It’s the first day of Spring over here and I want my heart to gallop with excitement but it won’t cooperate. Yesterday afternoon Ming and I had one of our serious talks. These always resemble the kind of discussion a grandfather might have with a small child (Ming = the grandfather; Julie = the small child).
Now it’s not particularly pleasant to be scolded by your teenage son but after much to-ing and fro-ing of our discussion, Ming finally summarized things by saying, “Mum, I just want you back the way you were. I want us to have fun again, I want you to be happy again.” (This was after he told me my office was an appalling mess).
“Is it Dad or me who is stopping you?” Ming asked.
“It’s Anthony, Ming. I just can’t seem to adjust. Come on, give me a break – he’s only been in the nursing lodge for six months. Give me a chance to breathe my grief!”
“You’ve been doing that for too long already, Mum. Please stop. We have to get this place in order – you have to help me!”

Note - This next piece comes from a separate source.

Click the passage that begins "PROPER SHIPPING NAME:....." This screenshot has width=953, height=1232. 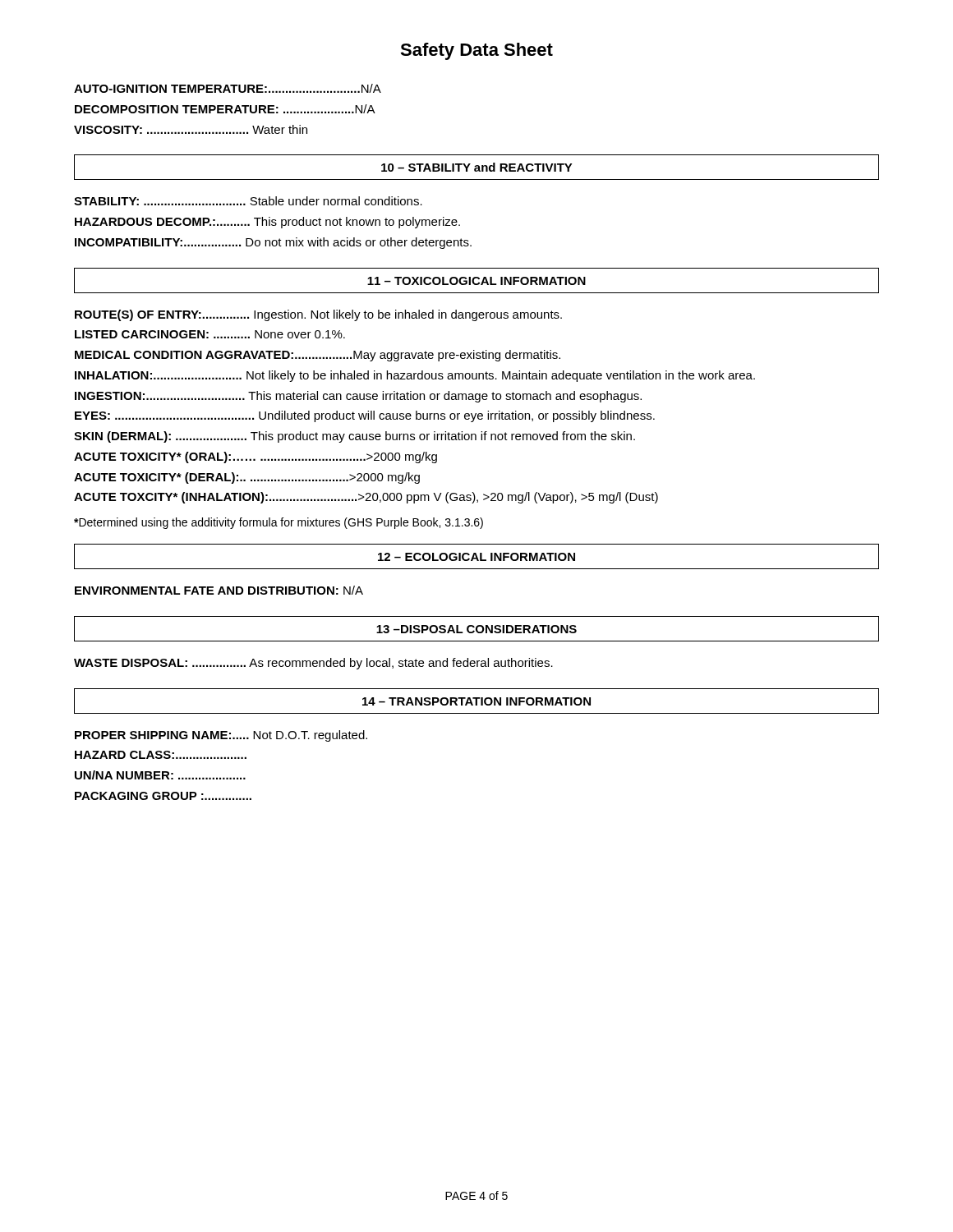tap(221, 765)
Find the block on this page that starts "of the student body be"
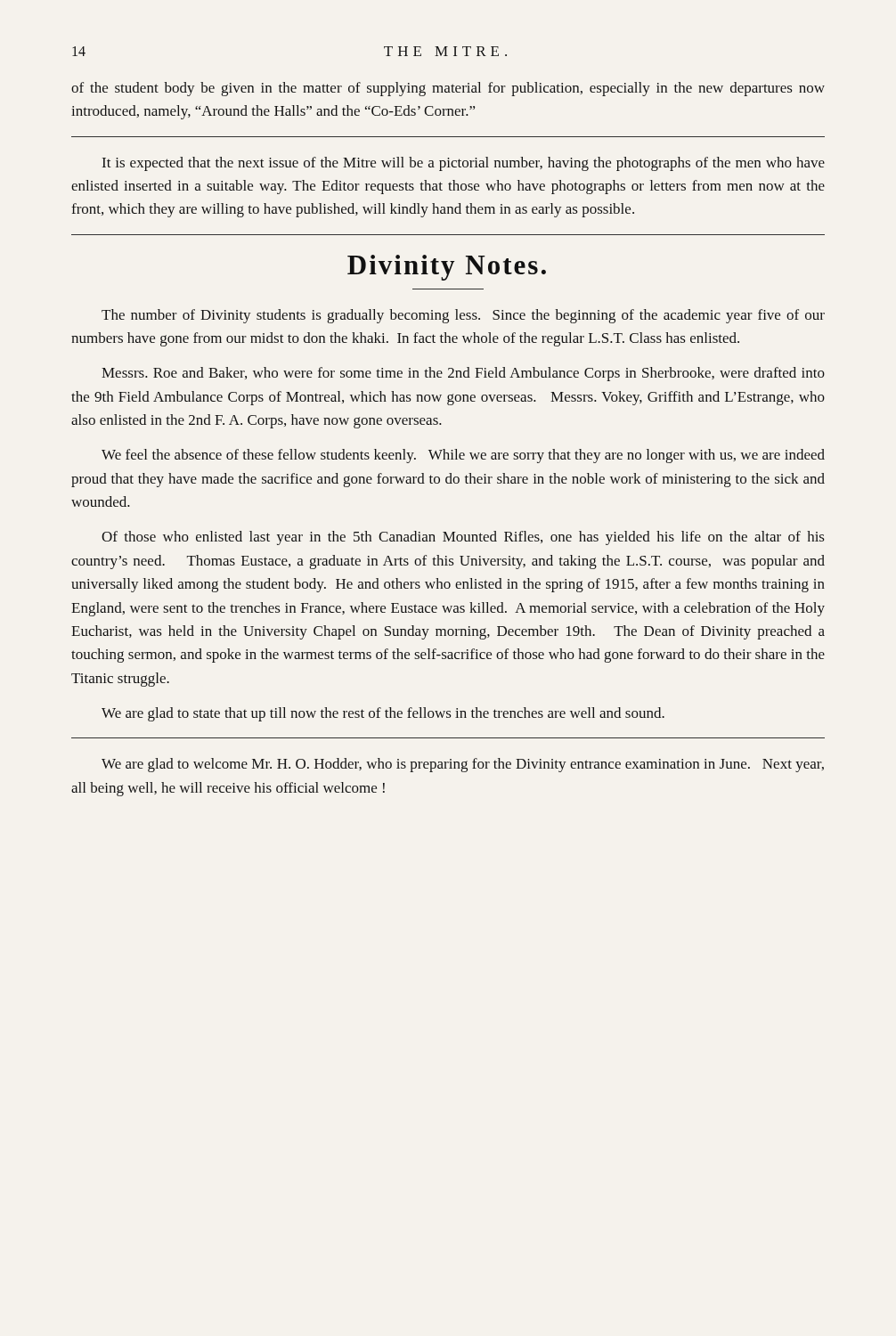The width and height of the screenshot is (896, 1336). click(x=448, y=100)

“Oh you’re not going to say that dreadful word again are you?”
“Yes, Mum. Teamwork, teamwork, teamwork!”
“Poo, poo, poo!” I retaliated (Ming loathes that word).

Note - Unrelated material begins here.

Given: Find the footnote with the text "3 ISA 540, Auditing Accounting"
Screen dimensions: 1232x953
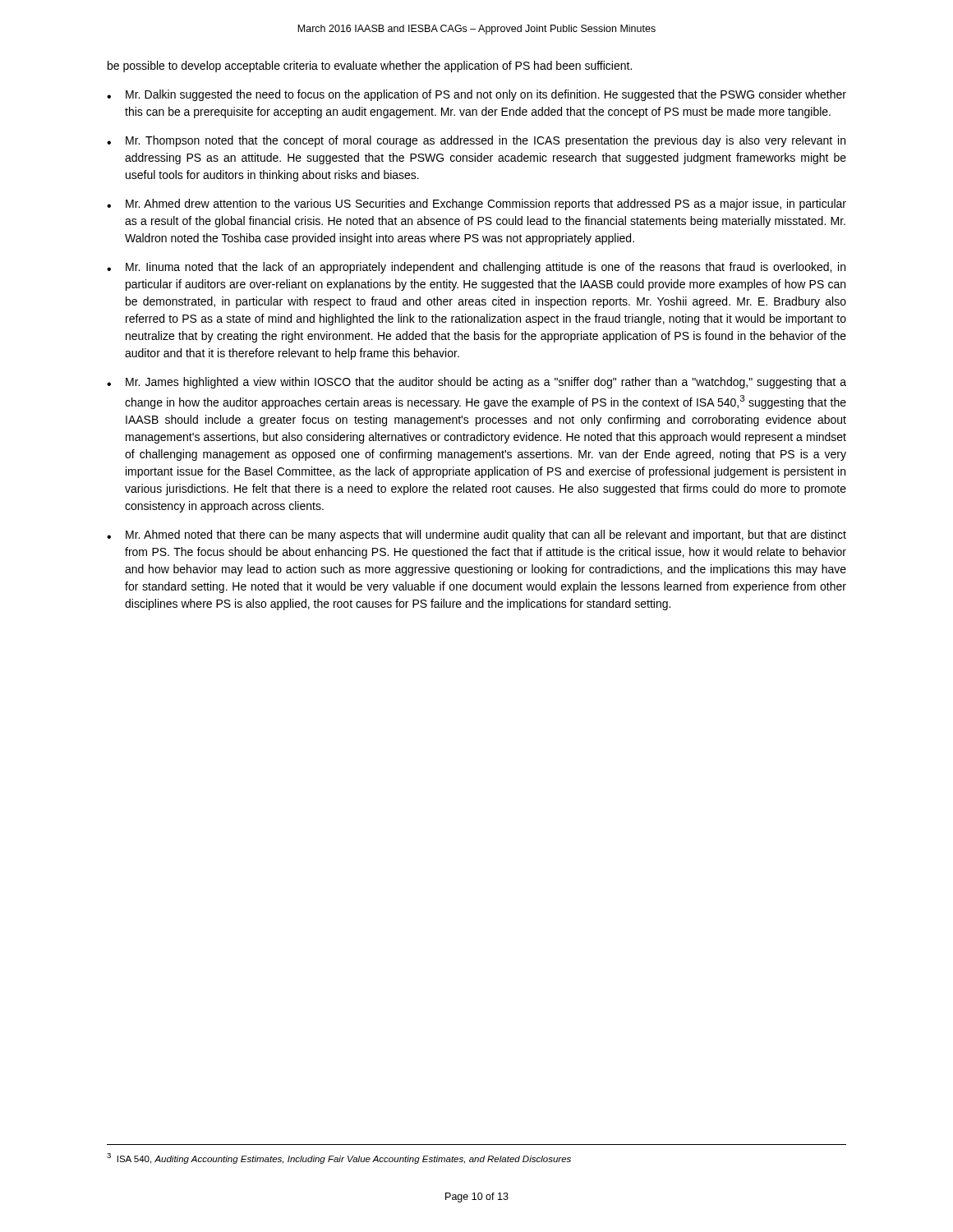Looking at the screenshot, I should tap(476, 1158).

Anyway that was yesterday and now it is today. I just saw a blue wren and I am going to vacuum the inside veranda and it’s raining but sunny and later on I will go see Anthony and I will not cry when I get home again because if I do I will have to suffer another Ming discussion.
It’s the first day of Spring here and my heart has begun to walk again. I hope Ming doesn’t get too much of a shock!